**What is needed:**
The word "linetype" marks the lines to find; copy every such line from the data below.

**Supplied material:**
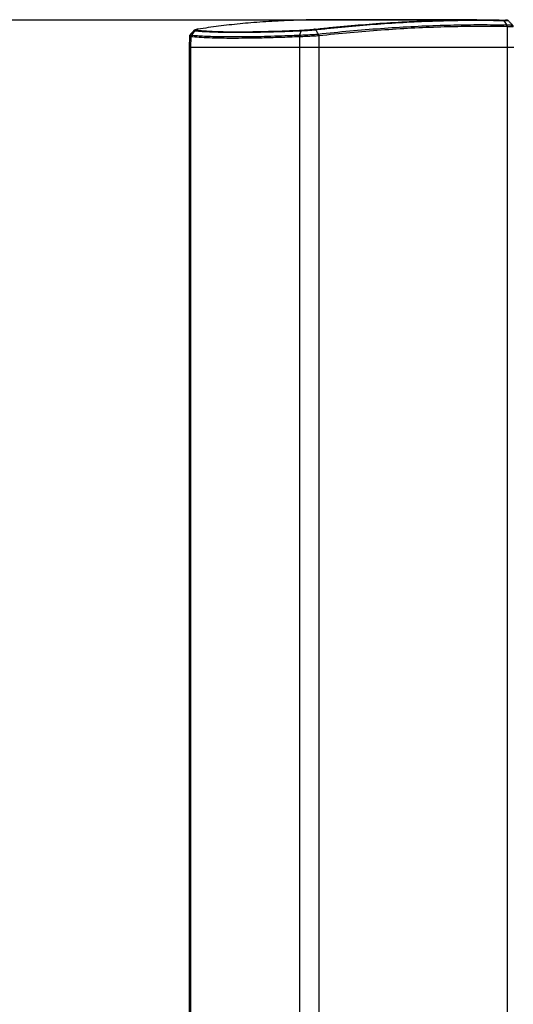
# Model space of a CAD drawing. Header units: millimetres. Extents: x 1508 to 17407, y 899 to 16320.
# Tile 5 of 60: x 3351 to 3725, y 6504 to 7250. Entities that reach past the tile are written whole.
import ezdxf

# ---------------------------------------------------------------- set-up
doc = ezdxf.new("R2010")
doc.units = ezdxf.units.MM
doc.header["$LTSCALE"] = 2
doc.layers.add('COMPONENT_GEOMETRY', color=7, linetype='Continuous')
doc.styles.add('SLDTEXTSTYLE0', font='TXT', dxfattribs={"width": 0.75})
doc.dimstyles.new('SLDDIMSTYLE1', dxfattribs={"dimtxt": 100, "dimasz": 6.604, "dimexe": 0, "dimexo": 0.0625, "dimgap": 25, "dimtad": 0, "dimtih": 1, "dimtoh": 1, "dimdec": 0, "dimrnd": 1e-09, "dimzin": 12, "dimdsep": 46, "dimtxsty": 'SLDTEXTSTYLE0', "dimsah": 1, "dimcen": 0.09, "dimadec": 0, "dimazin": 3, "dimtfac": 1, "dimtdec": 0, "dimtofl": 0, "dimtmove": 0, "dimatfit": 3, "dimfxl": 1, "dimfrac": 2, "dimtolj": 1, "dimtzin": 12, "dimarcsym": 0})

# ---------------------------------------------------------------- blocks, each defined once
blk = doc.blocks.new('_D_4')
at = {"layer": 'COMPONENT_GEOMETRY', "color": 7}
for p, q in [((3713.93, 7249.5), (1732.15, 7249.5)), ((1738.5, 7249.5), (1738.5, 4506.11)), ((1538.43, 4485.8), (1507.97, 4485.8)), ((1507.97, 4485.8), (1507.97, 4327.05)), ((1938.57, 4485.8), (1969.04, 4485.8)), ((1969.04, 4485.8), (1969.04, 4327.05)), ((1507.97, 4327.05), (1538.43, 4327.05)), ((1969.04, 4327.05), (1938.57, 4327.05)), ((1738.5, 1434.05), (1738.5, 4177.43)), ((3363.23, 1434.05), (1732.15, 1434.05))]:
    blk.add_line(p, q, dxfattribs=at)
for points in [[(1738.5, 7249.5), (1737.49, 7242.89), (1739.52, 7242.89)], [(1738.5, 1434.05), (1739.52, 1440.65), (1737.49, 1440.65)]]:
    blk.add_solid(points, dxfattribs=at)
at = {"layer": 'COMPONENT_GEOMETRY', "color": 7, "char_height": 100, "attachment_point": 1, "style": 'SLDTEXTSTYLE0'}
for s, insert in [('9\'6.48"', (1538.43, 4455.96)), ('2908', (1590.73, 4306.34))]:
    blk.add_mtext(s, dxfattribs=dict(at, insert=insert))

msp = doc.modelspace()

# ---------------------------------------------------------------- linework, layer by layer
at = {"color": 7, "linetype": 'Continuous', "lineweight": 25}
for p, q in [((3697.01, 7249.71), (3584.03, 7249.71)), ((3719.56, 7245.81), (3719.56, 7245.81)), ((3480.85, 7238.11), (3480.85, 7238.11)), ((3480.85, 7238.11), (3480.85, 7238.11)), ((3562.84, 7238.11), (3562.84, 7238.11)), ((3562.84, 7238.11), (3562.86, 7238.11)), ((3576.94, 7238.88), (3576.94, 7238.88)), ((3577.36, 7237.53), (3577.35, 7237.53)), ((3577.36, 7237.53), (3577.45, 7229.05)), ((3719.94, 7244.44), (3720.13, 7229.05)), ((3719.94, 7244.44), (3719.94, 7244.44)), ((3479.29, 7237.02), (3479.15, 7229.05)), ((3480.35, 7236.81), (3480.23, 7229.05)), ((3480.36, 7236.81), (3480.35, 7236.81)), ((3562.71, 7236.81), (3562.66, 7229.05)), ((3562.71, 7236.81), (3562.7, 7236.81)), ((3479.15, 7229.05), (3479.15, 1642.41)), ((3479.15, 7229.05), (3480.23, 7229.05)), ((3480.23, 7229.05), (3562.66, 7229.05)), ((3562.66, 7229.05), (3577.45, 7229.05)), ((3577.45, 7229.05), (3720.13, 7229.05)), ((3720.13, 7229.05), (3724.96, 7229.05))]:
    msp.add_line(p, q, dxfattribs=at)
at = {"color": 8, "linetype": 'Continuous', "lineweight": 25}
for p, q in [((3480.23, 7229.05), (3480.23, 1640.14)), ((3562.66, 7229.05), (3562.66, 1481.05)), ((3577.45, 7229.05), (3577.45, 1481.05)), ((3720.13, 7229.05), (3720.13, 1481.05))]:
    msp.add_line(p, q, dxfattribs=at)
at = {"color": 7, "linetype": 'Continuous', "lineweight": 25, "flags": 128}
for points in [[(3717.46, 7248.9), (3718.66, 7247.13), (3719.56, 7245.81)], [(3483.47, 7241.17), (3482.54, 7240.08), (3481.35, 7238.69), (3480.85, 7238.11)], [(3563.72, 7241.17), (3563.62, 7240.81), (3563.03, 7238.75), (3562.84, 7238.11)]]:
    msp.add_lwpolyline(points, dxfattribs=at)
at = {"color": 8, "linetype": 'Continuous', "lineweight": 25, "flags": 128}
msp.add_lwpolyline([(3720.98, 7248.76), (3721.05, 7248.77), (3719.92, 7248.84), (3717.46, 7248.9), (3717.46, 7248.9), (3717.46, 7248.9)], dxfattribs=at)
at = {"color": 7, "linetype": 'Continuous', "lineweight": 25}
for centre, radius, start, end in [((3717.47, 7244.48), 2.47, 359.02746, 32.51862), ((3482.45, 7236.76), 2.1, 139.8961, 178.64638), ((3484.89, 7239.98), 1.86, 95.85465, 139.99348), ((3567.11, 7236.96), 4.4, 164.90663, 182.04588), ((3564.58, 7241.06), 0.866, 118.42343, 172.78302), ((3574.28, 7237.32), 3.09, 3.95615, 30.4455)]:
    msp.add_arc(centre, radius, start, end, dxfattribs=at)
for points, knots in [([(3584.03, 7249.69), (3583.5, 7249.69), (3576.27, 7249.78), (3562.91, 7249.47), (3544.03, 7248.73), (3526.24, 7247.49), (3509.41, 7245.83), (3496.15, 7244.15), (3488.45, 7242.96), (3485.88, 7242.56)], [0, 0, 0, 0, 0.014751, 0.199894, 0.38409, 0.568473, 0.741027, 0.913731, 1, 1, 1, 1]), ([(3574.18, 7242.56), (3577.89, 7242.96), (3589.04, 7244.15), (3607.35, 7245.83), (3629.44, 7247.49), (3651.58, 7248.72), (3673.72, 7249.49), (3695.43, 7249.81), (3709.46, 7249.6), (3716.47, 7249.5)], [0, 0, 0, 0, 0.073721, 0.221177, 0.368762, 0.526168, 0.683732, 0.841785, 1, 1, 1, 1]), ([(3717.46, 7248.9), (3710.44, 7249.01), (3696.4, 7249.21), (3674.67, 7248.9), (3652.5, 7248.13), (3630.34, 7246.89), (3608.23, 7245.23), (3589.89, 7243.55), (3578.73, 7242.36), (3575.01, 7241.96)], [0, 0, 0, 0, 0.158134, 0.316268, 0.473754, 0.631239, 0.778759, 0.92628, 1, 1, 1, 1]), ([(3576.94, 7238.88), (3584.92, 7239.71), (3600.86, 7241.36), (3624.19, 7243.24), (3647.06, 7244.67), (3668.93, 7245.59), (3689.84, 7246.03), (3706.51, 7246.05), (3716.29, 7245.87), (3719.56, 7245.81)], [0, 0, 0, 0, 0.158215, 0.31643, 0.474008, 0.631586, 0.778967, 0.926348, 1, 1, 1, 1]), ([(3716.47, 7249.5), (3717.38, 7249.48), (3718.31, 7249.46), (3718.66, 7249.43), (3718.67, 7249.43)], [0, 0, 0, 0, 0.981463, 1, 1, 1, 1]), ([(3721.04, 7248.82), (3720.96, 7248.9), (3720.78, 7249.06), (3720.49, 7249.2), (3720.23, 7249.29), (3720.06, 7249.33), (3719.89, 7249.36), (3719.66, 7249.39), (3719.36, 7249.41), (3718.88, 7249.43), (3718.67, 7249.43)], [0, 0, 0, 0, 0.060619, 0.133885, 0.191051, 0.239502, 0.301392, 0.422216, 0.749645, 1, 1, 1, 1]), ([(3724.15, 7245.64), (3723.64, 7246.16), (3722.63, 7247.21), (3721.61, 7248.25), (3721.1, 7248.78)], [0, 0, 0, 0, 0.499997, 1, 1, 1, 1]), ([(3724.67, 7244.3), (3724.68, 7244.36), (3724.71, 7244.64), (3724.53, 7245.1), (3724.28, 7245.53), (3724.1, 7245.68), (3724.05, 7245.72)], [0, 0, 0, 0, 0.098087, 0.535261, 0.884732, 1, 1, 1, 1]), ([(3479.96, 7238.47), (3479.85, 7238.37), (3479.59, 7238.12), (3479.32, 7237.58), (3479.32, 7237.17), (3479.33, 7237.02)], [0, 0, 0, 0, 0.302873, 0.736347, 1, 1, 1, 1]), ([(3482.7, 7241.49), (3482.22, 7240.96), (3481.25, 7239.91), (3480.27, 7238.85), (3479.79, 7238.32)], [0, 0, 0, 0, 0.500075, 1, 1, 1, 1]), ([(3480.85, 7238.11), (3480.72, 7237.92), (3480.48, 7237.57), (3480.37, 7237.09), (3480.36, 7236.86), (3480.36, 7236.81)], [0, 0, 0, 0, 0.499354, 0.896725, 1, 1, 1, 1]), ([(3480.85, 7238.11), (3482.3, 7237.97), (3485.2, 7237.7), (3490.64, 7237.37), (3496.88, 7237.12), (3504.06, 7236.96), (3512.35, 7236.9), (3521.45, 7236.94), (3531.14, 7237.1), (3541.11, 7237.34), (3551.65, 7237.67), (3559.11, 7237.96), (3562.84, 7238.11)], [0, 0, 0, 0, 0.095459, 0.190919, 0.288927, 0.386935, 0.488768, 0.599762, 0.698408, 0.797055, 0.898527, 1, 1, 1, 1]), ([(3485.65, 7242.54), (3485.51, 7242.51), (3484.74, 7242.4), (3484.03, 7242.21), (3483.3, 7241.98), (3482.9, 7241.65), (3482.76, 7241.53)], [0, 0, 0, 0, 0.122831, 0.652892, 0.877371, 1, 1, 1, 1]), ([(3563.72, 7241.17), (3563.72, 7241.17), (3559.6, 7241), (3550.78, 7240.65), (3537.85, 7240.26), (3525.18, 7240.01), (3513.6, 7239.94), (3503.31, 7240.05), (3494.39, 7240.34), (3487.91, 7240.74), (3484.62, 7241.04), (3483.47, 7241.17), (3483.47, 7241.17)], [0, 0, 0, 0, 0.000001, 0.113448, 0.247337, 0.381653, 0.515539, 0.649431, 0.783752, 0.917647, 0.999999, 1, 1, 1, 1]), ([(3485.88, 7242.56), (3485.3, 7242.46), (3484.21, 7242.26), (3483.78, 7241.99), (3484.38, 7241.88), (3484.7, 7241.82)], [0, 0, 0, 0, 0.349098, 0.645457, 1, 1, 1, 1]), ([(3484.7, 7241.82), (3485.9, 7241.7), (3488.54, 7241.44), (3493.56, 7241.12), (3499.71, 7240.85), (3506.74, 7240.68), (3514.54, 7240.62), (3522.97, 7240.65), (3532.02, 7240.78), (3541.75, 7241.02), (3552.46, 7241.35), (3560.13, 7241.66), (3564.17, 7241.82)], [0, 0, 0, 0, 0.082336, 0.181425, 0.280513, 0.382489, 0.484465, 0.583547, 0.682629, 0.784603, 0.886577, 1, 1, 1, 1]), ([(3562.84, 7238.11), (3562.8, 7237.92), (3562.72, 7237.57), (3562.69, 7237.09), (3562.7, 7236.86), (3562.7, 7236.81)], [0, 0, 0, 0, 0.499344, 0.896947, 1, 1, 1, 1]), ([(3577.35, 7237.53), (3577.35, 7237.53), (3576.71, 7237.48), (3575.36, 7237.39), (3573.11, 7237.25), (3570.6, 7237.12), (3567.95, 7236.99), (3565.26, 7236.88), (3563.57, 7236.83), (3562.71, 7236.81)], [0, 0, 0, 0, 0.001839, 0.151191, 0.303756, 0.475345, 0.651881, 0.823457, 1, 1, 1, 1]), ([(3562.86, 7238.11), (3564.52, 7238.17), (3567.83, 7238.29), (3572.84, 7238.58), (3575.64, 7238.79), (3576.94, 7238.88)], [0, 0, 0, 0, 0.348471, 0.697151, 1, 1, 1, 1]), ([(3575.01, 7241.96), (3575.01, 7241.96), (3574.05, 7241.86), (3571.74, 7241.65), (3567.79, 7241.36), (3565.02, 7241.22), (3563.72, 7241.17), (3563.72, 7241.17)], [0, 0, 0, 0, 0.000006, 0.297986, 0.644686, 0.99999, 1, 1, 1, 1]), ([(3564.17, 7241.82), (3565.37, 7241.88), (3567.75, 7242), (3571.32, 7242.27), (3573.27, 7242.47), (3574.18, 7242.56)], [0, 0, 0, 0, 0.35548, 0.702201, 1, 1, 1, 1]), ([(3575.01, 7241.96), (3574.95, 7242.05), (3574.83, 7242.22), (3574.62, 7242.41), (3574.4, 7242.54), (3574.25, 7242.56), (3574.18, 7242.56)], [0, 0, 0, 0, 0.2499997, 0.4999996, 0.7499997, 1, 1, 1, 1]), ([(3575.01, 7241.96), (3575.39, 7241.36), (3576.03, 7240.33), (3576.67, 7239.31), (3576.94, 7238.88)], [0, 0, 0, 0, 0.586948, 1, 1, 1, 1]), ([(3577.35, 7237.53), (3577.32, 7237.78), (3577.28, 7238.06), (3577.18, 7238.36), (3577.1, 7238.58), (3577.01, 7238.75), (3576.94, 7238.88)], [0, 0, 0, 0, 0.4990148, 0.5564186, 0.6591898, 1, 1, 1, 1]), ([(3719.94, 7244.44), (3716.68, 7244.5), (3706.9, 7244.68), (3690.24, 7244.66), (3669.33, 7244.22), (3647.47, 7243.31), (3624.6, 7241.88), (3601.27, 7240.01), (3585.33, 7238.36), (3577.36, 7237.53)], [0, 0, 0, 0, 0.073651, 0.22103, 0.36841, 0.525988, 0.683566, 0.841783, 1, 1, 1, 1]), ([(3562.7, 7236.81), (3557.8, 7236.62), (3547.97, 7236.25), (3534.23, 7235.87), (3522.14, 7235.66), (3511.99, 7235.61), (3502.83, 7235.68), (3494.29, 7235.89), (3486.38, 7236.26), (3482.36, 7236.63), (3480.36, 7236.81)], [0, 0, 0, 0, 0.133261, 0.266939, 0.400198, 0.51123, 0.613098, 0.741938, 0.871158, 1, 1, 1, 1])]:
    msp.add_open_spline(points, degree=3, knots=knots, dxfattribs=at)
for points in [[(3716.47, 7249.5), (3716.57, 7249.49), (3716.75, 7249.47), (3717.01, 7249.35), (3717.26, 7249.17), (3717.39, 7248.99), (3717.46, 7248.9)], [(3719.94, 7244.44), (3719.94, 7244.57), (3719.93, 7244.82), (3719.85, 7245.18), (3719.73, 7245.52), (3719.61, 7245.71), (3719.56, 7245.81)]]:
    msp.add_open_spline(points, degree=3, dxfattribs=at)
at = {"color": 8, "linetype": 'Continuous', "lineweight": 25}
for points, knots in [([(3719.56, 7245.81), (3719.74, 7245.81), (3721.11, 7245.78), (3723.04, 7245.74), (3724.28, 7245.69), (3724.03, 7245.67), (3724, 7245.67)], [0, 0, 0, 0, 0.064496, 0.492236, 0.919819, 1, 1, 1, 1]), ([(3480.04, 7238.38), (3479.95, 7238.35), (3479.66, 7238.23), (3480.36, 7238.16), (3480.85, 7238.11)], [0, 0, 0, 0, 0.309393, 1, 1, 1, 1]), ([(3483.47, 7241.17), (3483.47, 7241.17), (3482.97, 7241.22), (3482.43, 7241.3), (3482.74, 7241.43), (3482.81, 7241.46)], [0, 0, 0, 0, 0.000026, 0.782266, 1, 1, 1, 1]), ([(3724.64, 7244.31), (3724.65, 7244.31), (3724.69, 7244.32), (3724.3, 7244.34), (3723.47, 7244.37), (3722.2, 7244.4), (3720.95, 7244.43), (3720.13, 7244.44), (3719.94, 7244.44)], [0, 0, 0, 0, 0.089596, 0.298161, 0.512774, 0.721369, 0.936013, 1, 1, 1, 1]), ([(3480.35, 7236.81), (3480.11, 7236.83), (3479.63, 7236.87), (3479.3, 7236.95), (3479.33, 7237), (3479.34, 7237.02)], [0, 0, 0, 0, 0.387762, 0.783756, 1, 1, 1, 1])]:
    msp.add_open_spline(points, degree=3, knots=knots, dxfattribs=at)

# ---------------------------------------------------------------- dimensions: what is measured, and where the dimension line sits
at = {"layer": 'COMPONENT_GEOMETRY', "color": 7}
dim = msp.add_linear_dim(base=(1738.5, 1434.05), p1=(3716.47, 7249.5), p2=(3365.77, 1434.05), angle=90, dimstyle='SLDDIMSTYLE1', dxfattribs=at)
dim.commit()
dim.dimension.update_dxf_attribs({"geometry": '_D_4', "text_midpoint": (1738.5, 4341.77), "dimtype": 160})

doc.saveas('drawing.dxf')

**Answer box:**
doc.layers.add('COMPONENT_GEOMETRY', color=7, linetype='Continuous')
at = {"color": 7, "linetype": 'Continuous', "lineweight": 25}
at = {"color": 8, "linetype": 'Continuous', "lineweight": 25}
at = {"color": 7, "linetype": 'Continuous', "lineweight": 25, "flags": 128}
at = {"color": 8, "linetype": 'Continuous', "lineweight": 25, "flags": 128}
at = {"color": 7, "linetype": 'Continuous', "lineweight": 25}
at = {"color": 8, "linetype": 'Continuous', "lineweight": 25}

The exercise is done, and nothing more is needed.